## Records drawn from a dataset
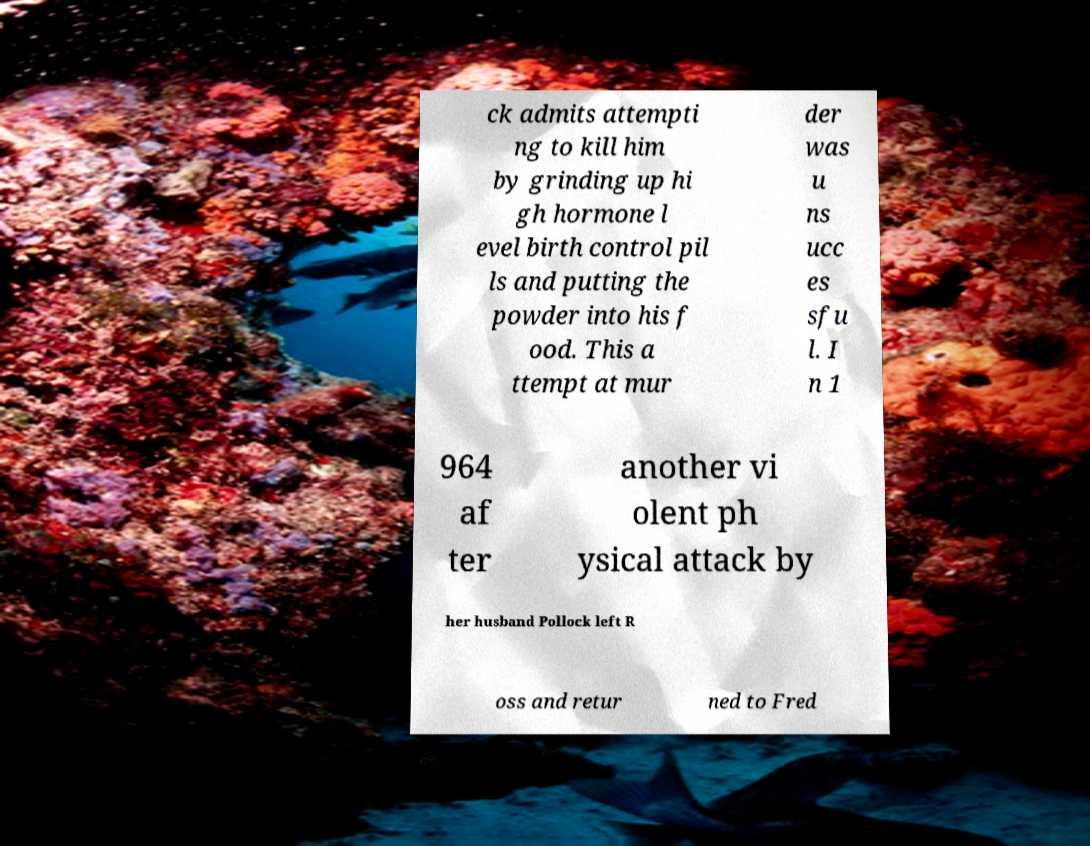What messages or text are displayed in this image? I need them in a readable, typed format. ck admits attempti ng to kill him by grinding up hi gh hormone l evel birth control pil ls and putting the powder into his f ood. This a ttempt at mur der was u ns ucc es sfu l. I n 1 964 af ter another vi olent ph ysical attack by her husband Pollock left R oss and retur ned to Fred 
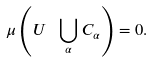<formula> <loc_0><loc_0><loc_500><loc_500>\mu \left ( U \ \bigcup _ { \alpha } C _ { \alpha } \right ) = 0 .</formula> 
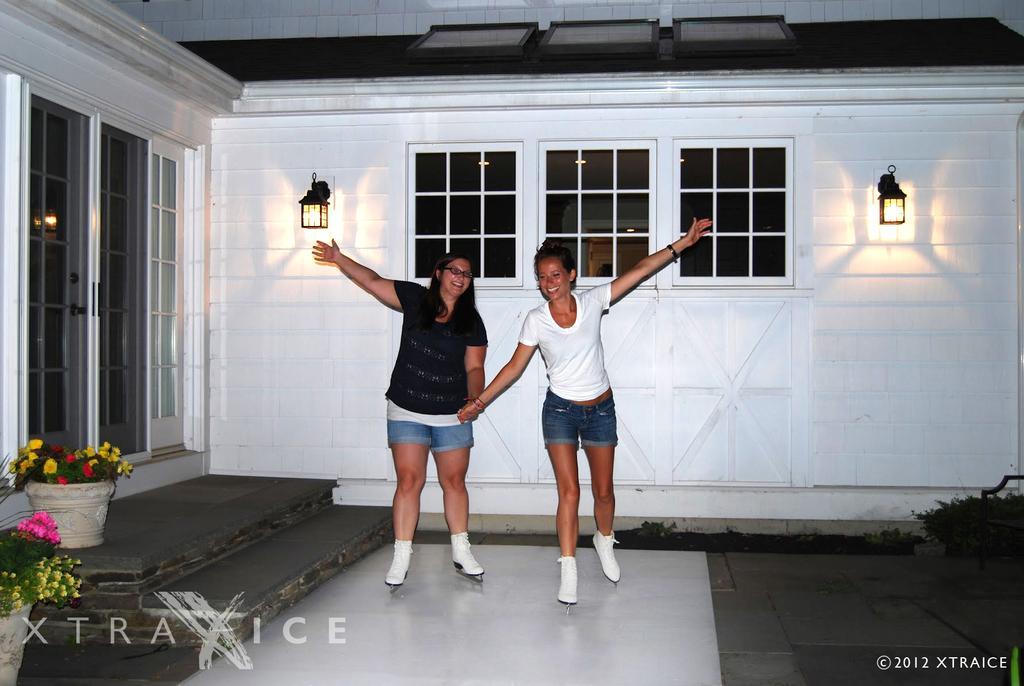In one or two sentences, can you explain what this image depicts? In this image, we can see two women are holding hands with each other and smiling. They are skating on a white surface. On the left side, we can see stairs, flowers, plants with pots, glass doors. Background we can see wall, lights, glass windows and few objects. At the bottom of the image, we can see watermark in the image. 
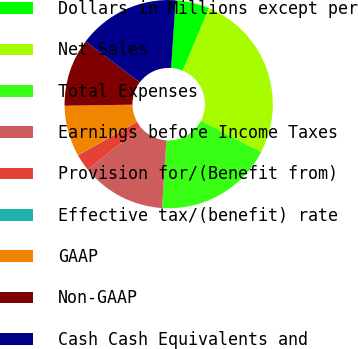Convert chart to OTSL. <chart><loc_0><loc_0><loc_500><loc_500><pie_chart><fcel>Dollars in Millions except per<fcel>Net Sales<fcel>Total Expenses<fcel>Earnings before Income Taxes<fcel>Provision for/(Benefit from)<fcel>Effective tax/(benefit) rate<fcel>GAAP<fcel>Non-GAAP<fcel>Cash Cash Equivalents and<nl><fcel>5.28%<fcel>26.27%<fcel>18.4%<fcel>13.15%<fcel>2.66%<fcel>0.03%<fcel>7.9%<fcel>10.53%<fcel>15.77%<nl></chart> 
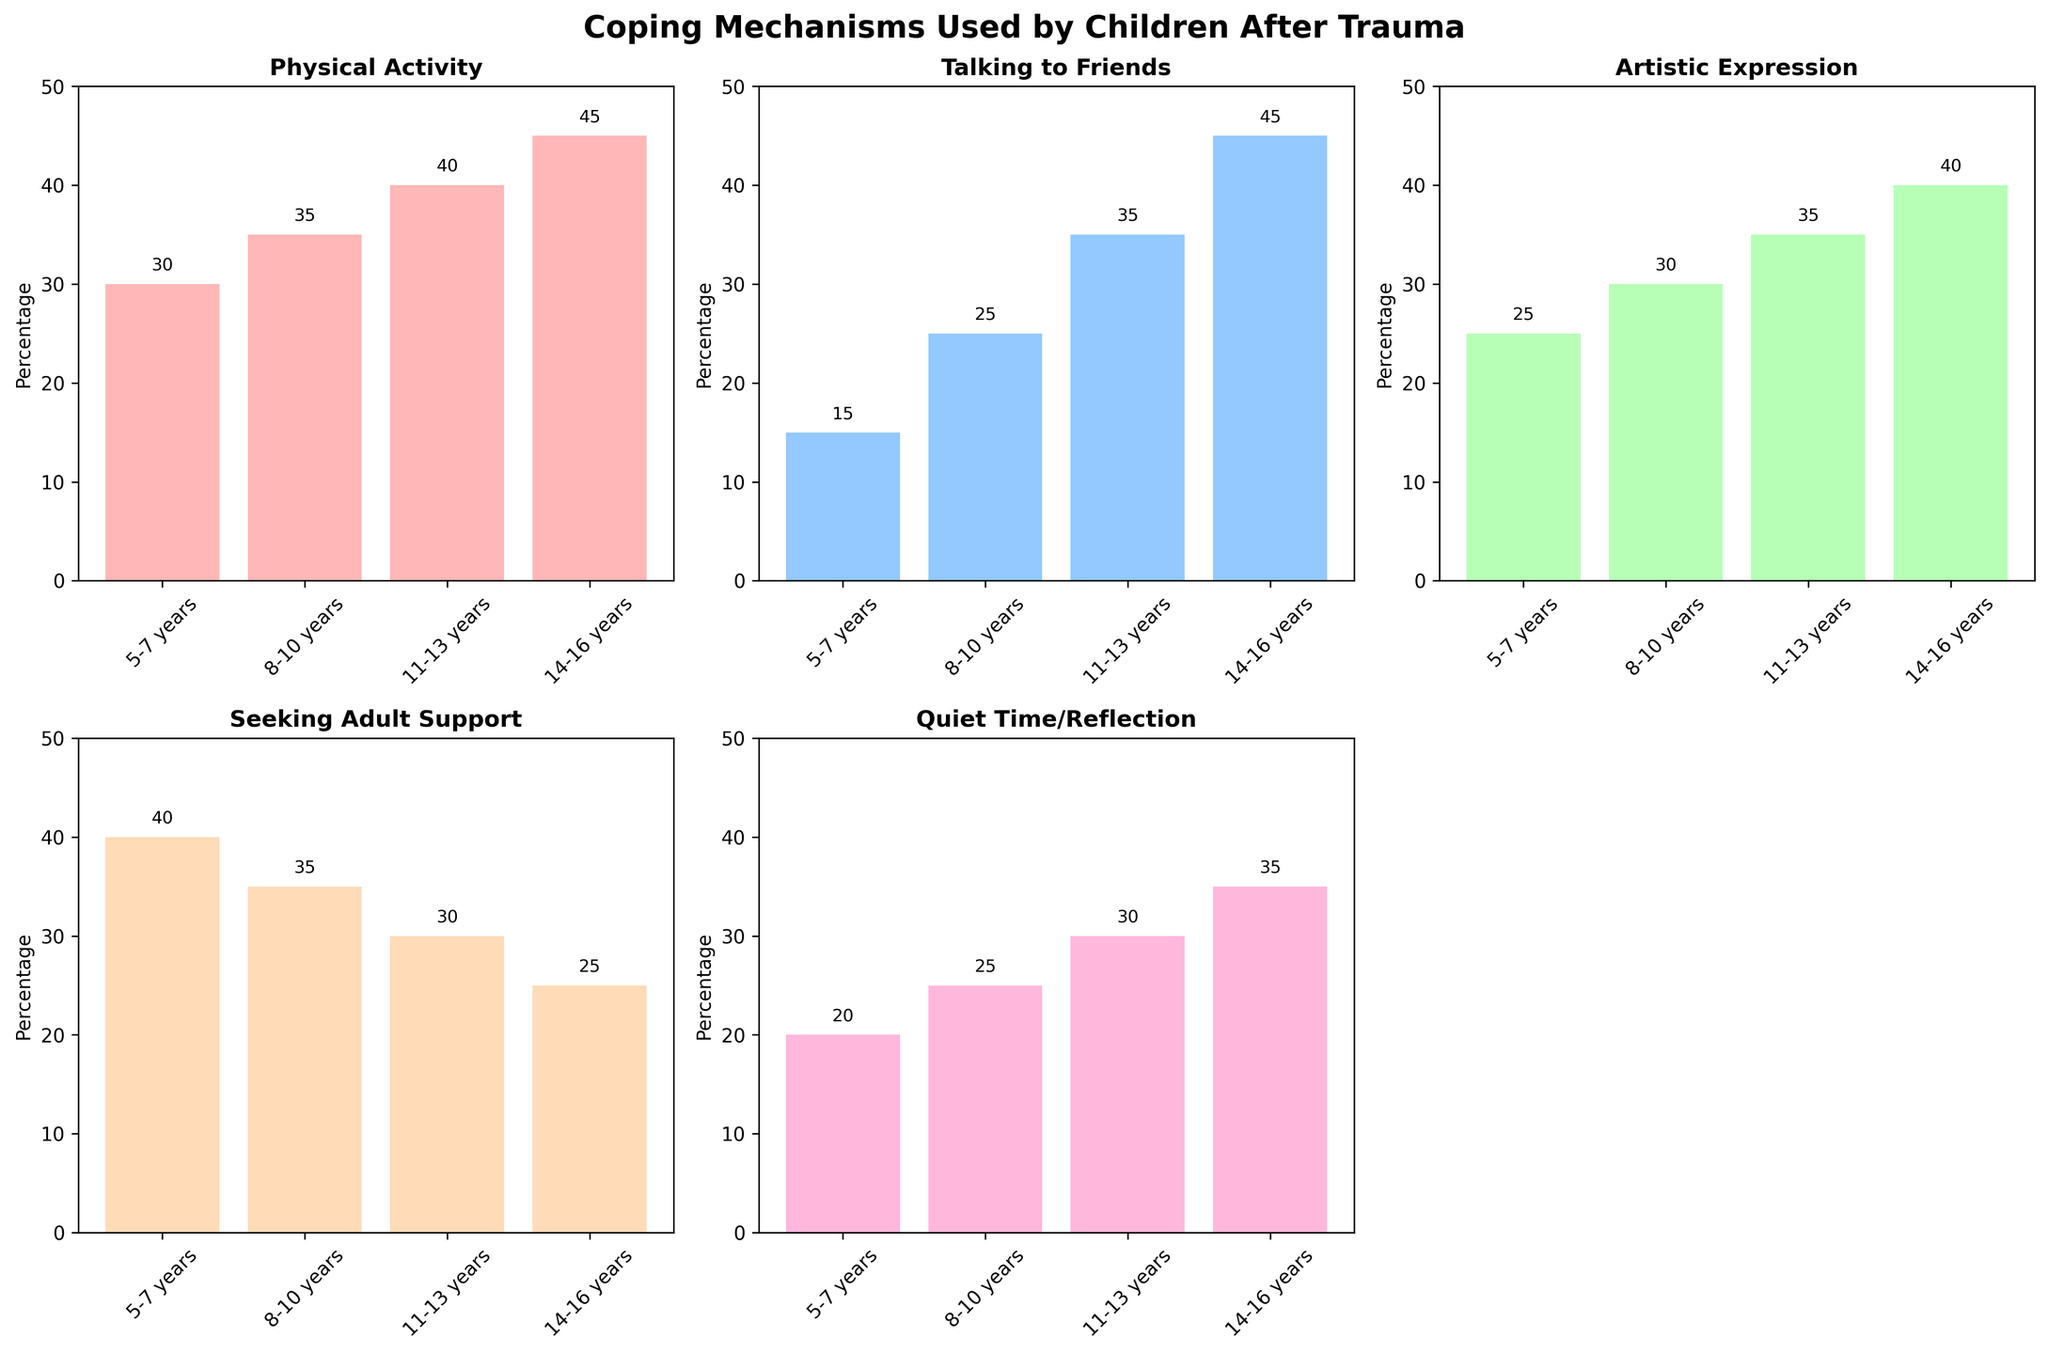What coping mechanism is used most by children aged 5-7 years? Look at the bar height for the 5-7 years age group across all subplots. The tallest bar represents the most used coping mechanism.
Answer: Seeking Adult Support Which age group uses Quiet Time/Reflection the least? Look at the subplot for Quiet Time/Reflection and compare the bar heights for different age groups. The shortest bar indicates the least use.
Answer: 5-7 years What's the sum of percentages for Talking to Friends used by children aged 11-13 years and 14-16 years? Find the bars for Talking to Friends for the 11-13 years and 14-16 years groups and sum their heights.
Answer: 80 Is there an age group that has the highest percentage for both Artistic Expression and Physical Activity? Check if there is an age group that has the tallest bars in both Artistic Expression and Physical Activity subplots.
Answer: No Which coping mechanism shows a steady increase in usage with age? Analyze each subplot to see if the bars increase consistently from 5-7 years to 14-16 years.
Answer: Physical Activity What is the percentage difference in Seeking Adult Support between children aged 8-10 years and 14-16 years? Find the bar heights for Seeking Adult Support for both age groups and subtract the smaller value from the larger one.
Answer: 10 Which coping mechanism has the smallest variance across different age groups? Look at the subplots and visually estimate which mechanism has bars of similar height for all age groups.
Answer: Quiet Time/Reflection In the Artistic Expression subplot, what is the combined percentage of the youngest and oldest age groups? Add the heights of the bars for 5-7 years and 14-16 years in the Artistic Expression subplot.
Answer: 65 Which age group has the most balanced distribution across all coping mechanisms? Look at each age group across all subplots and find the group where the bars are most similar in height.
Answer: 8-10 years For age group 8-10 years, which coping mechanism is used least? Look at the 8-10 years age group across all subplots and find the shortest bar.
Answer: Seeking Adult Support

## Activity
Once you have found every line above holding the word "Physical", copy those lines.

## Answer for this exercise
Answer: 80 Is there an age group that has the highest percentage for both Artistic Expression and Physical Activity? Check if there is an age group that has the tallest bars in both Artistic Expression and Physical Activity subplots.
Answer: Physical Activity What is the percentage difference in Seeking Adult Support between children aged 8-10 years and 14-16 years? Find the bar heights for Seeking Adult Support for both age groups and subtract the smaller value from the larger one.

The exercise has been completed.